Swift: The downsides of lazy var (part 2)

Continue from the previous post, we will look into a few problems when working with lazy var.

Problems

Problem 1: not working smoothly with structs

Since the getter of lazy var is mutating, using it with structs sometimes requires extra work. For example, this code below does not compile:

struct Person {
	private lazy var name = "thuyen"
	var alias: String { return name } 	// error: Cannot use mutating getter on immutable
}

To make this code work, we have to explicitly declare getter of alias as mutating. But personally, I would rather not make an object mutable just in order to access a specific property.

struct Person {
	private lazy var name = "thuyen"
	var alias: String {
		mutating get { return name }
	}
}

Another approach is to wrap lazy var inside a class LazyBox, like in this article. We will later use this approach as we can handle more issues such as concurrency.

final class LazyBox<T> {
	private var _value: T?
	private let compute: () -> T
	init(_ compute: @escaping () -> T) {
		self.compute = compute
	}

	var value: T {
		if let _value = _value { return _value }
		let v = compute()
		_value = v
		return v
	}
}

struct Person {
	private let _name = LazyBox<String> { "thuyen" }
	var alias: String { return _name.value }
}

Problem 2: concurrency

Another problem is that lazy var is not thread-safe which means the closure can get executed multiple times due to accesses from different threads. This is also mentioned in the Apple documentation:

If a property marked with the lazy modifier is accessed by multiple threads simultaneously and the property has not yet been initialized, there is no guarantee that the property will be initialized only once.

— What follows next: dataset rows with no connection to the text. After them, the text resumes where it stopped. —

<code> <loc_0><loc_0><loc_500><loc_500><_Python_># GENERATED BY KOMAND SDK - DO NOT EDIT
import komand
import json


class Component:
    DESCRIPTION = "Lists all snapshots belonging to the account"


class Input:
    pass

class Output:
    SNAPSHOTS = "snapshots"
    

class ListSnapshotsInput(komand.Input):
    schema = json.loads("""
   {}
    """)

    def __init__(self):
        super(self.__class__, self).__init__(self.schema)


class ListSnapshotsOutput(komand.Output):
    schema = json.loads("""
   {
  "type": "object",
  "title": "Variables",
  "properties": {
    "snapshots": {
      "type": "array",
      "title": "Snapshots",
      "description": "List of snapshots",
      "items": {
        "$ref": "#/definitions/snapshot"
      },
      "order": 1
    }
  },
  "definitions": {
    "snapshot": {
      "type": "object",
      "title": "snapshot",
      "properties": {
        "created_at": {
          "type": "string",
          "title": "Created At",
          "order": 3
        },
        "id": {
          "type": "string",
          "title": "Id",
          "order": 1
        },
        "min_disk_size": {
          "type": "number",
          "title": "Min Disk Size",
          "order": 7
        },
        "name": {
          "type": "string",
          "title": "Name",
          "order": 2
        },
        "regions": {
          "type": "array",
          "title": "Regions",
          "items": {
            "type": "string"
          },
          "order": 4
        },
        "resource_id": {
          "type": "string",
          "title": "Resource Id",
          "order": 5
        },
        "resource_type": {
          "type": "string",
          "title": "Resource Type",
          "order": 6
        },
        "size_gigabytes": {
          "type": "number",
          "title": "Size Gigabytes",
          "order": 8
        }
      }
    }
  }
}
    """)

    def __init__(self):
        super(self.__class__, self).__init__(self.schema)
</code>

To prevent race condition, a simple implementation is to lock every read to the value:

final class LazyBox<T> {
	private let lock: Synchronizing = NSLock()
	private lazy var _lazyValue: T = compute()
	...
	var value: T {
		return lock.sync { _lazyValue }
	}
}
extension Locking {
	func lock()
	func unlock()
}

protocol Synchronizing {
	func sync<T>(execute: () throws -> T) rethrows -> T
}

extension Locking {
	func sync<T>(execute: () throws -> T) rethrows -> T {
		defer { unlock() }
		lock()
		return try execute()
	}
}

// Let's use NSLock for simplicity. Alternatives: DispatchQueue, pthread_mutex_t, semaphore...
extension NSLock: Locking, Synchronizing { }

Now, it works as expected. However, the computation should only occur in the first read access. Locking every read will hurt performance a bit. Therefore, a better implementation is to lock the computation instead.

final class LazyBox<T> {
	...
	var value: T {
		if let _value = _value { return _value }
		return lock.sync {
			// Perform computation here
			...
		}
	}
}

Note that performing computation more than once is still fine as long as they are synchronous and later computation reuses the result of previous ones. We know for sure that in the next execution inside lock.sync, we definitely have _value computed. Then we can reuse that result, like this:

final class LazyBox<T> {
	...
	var value: T {
		if let _value = _value { return _value }
		return lock.sync {
			// Check again if the value is already computed (from the first one get called)
			if let _value = _value { return _value }
			let v = compute()
			_value = v
			return v
		}
	}
}

Benchmark

I ran a performance test for the two implementations (locking computation only vs. locking every read). The result shows a significant performance gain for the former one (0.002s as compared to 0.065s). The code for the benchmark can be found here.